Pengganti Terbit Kini Ikut Terjerat
Empat tahun berselang, tepatnya pada Kamis (2/7/2026), KPK kembali melakukan OTT di Kabupaten Langkat. Kali ini, yang diamankan adalah Bupati Langkat Syah Afandin atau yang akrab disapa Ondim.
Syah Afandin menjadi bupati kedua Langkat yang ditangkap KPK secara beruntun.
KPK menetapkan Syah sebagai tersangka dalam kasus dugaan suap proyek di Dinas Pendidikan dan Dinas Perumahan dan Kawasan Permukiman (Perkim) Kabupaten Langkat.
Selain Syah Afandin, KPK juga menetapkan Yaqub Abdhal Al Mu'arif, yang disebut sebagai tim sukses Syah pada Pilkada 2024, sebagai tersangka.
Tak hanya dugaan suap proyek, KPK juga mengungkap adanya dugaan penerimaan gratifikasi oleh Syah Afandin dengan nilai sedikitnya Rp3,5 miliar.
Plt Direktur Penyidikan KPK Achmad Taufik Husein menjelaskan bahwa gratifikasi tersebut diduga berkaitan dengan mutasi dan pengisian jabatan di lingkungan Dinas Pendidikan serta jabatan camat di Kabupaten Langkat.
Selain itu, KPK juga menduga terdapat praktik jual beli jabatan kepala sekolah SD dan SMP di lingkungan Pemerintah Kabupaten Langkat.
KPK: Seperti Terjadi Regenerasi Koruptor
Menanggapi kasus yang menjerat dua bupati Langkat secara berurutan, KPK menyampaikan keprihatinannya.
Juru Bicara KPK, Budi Prasetyo, mengatakan Syah Afandin sebelumnya merupakan Wakil Bupati Langkat yang kemudian menjabat sebagai Pelaksana Tugas (Plt) Bupati setelah Terbit tersandung kasus hukum. Syah kemudian terpilih menjadi Bupati Langkat periode 2025–2030.

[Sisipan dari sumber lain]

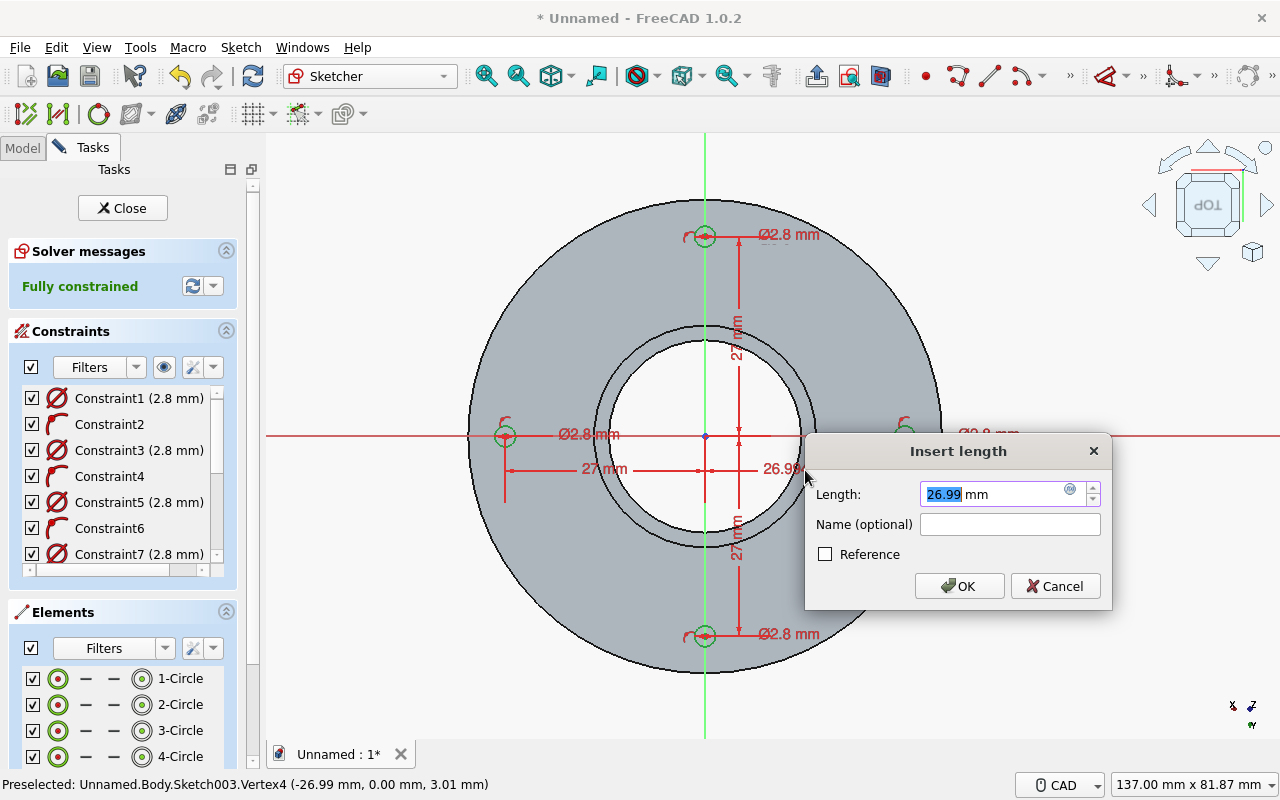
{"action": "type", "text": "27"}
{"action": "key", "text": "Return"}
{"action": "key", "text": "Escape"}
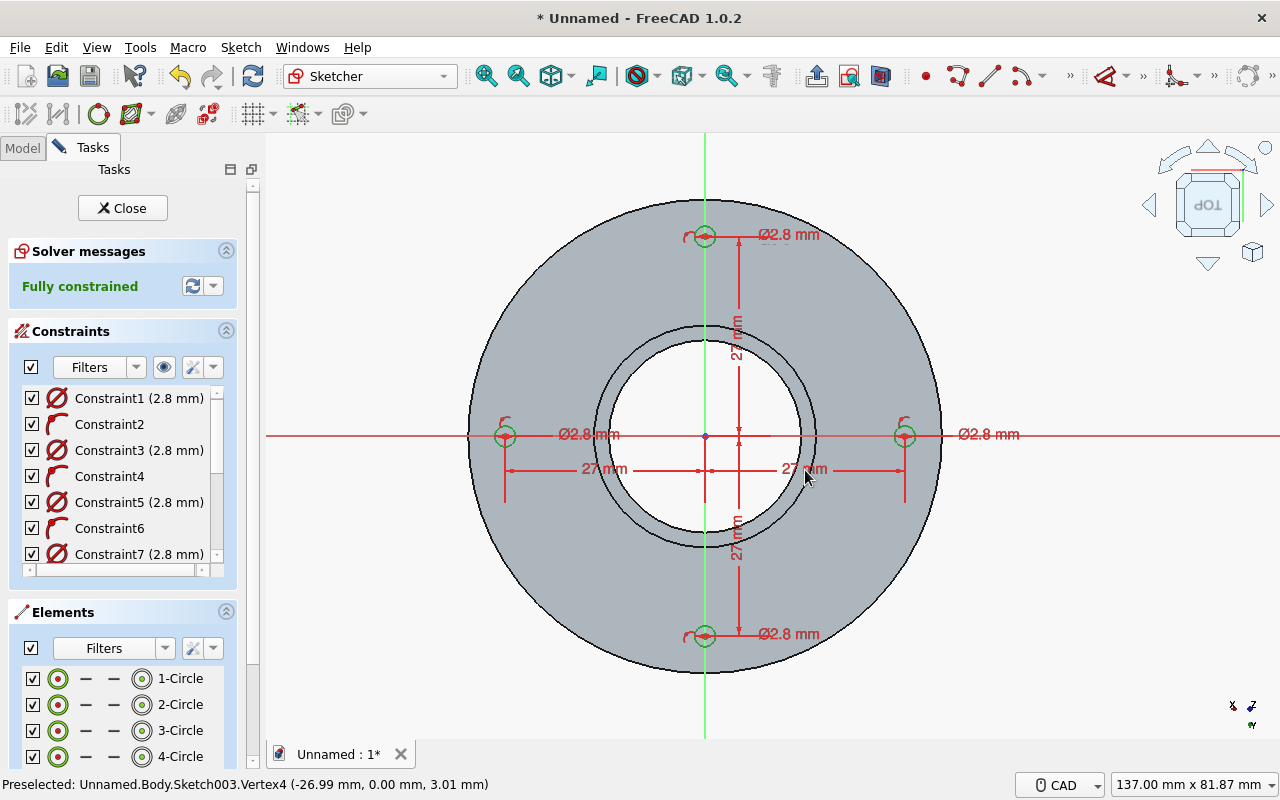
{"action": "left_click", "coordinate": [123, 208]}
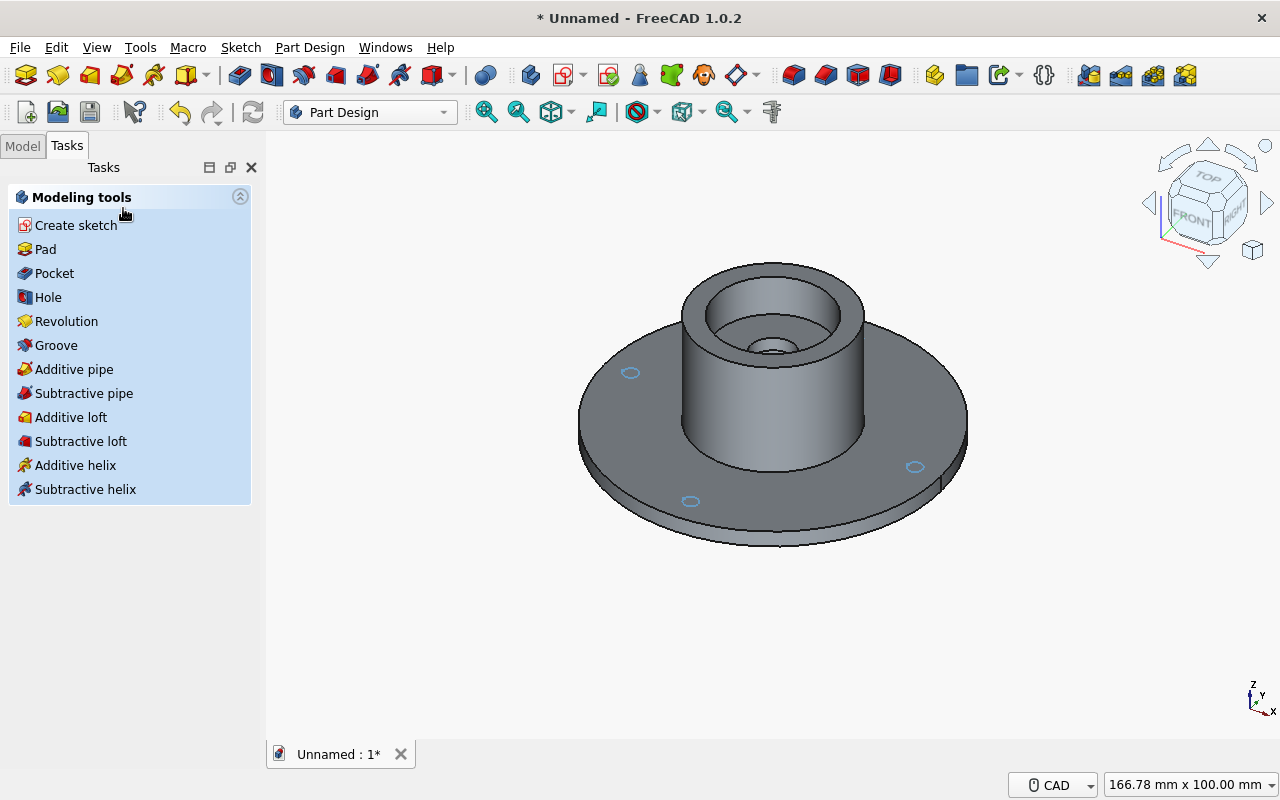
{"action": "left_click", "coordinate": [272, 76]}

Menurut KPK, kondisi tersebut membuat praktik korupsi di Kabupaten Langkat seolah terjadi secara berulang dari satu kepemimpinan ke kepemimpinan berikutnya.
"Ironinya, SAF merupakan Wakil Bupati pada saat itu, kemudian menjadi Plt Bupati, dan terpilih menjadi Bupati periode 2025–2030. Sehingga peristiwa tertangkap tangan kali ini seolah menjadi praktik korupsi yang back to back," ujar Budi Prasetyo.
Ia bahkan menyebut fenomena tersebut seperti adanya "regenerasi pelaku korupsi" di Kabupaten Langkat.
KPK pun mengingatkan agar pejabat yang nantinya menggantikan Syah Afandin dapat menjaga amanah masyarakat dan tidak mengulangi praktik korupsi yang sama.
"Terjeratnya kembali Bupati Langkat ini juga menjadi peringatan keras bagi jajaran pemerintah daerah," tegas Budi.